On 05/05/2016 11:44 PM, Alexei Starovoitov via iovisor-dev wrote:
On Thu, May 05, 2016 at 01:19:37PM -0700, Tom Herbert wrote:
I think we're saying the same the thing just using different notation.+1
BPF program returns an index which the driver maps to a queue, but
this index is relative to XDP instance. So if a device offers 3 levels
priority queues then BPF program can return 0,1, or 2. The driver can
map this return value to a queue (probably from a set of three queues
dedicated to the XDP instance). What I am saying is that this driver
mapping should be trivial and does not implement any policy other than
restricting the XDP instance to its set-- like mapping to actual queue
number could be 3*N+R where N in instance # of XDP and R is return
index. Egress on a different interface can work the same way, for
instance 0 index might queue for local interface, 1 index might queue
for interface. This simple return value to queue mapping is lot easier
for crossing devices if they are managed by the same driver I think.
we'd need a way to specify priority queue from bpf program.
Probably not as a first step though.
BPF_XDP_TX_PRIO 3 | upper bits used for prio
BPF_XDP_TX_PHYS_IFINDEX 4 | upper bits for ifindex
BPF_XDP_RX_NETDEV_IFINDEX 5 | upper bits for ifindex of veth or any netdev
lower 8-bits to encode action should be enough.

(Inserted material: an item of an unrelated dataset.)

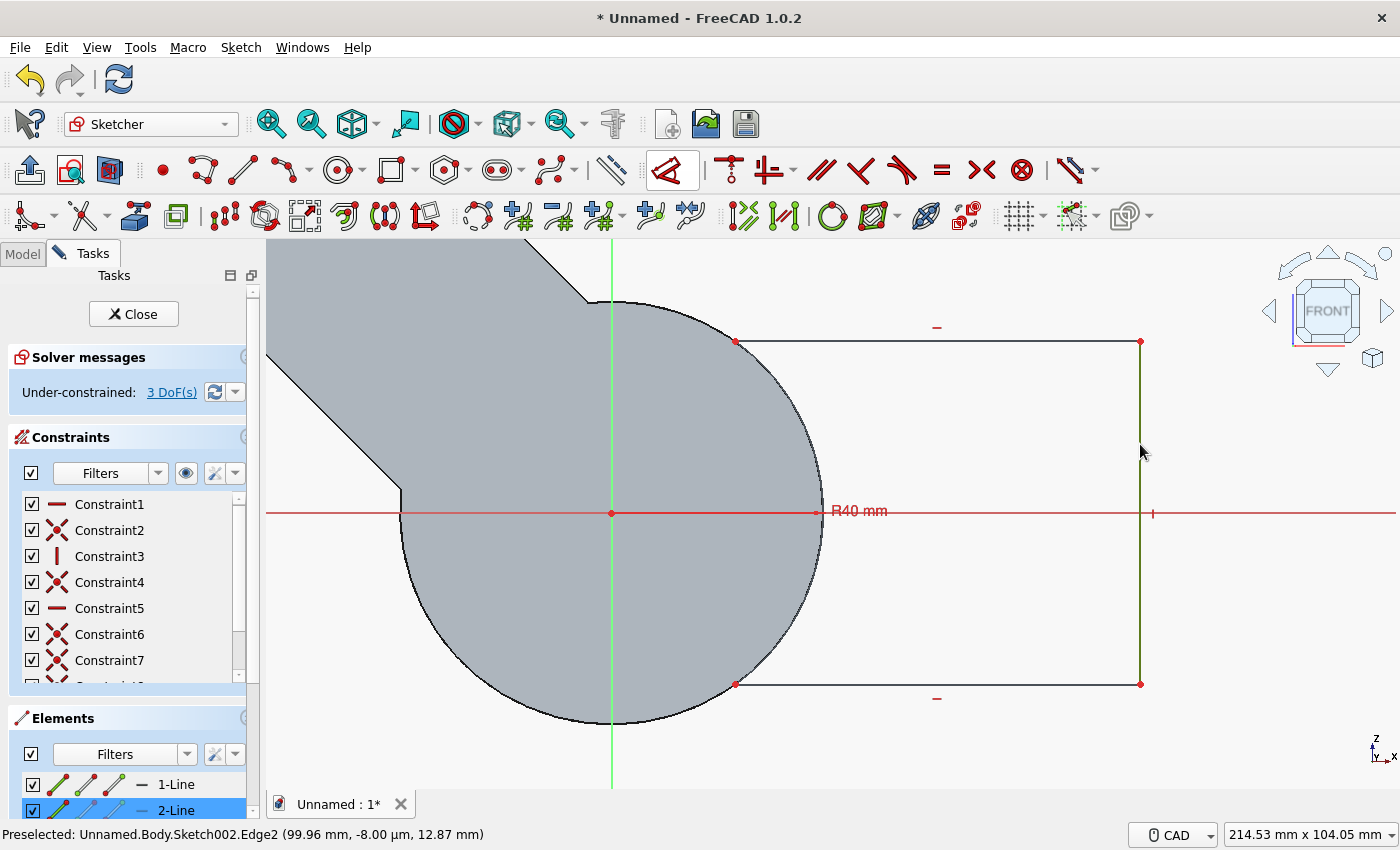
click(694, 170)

First merge-able step is to do 0,1,2 in one driver (like mlx4) and
start building it in other drivers.
Can't this be done in a second step, with some per-cpu scratch data
as we have for redirect? That would seem easier to use to me, and easier
to extend with further data required to tx or rx to stack ... The return
code could have a flag to tell to look at the scratch data, for example.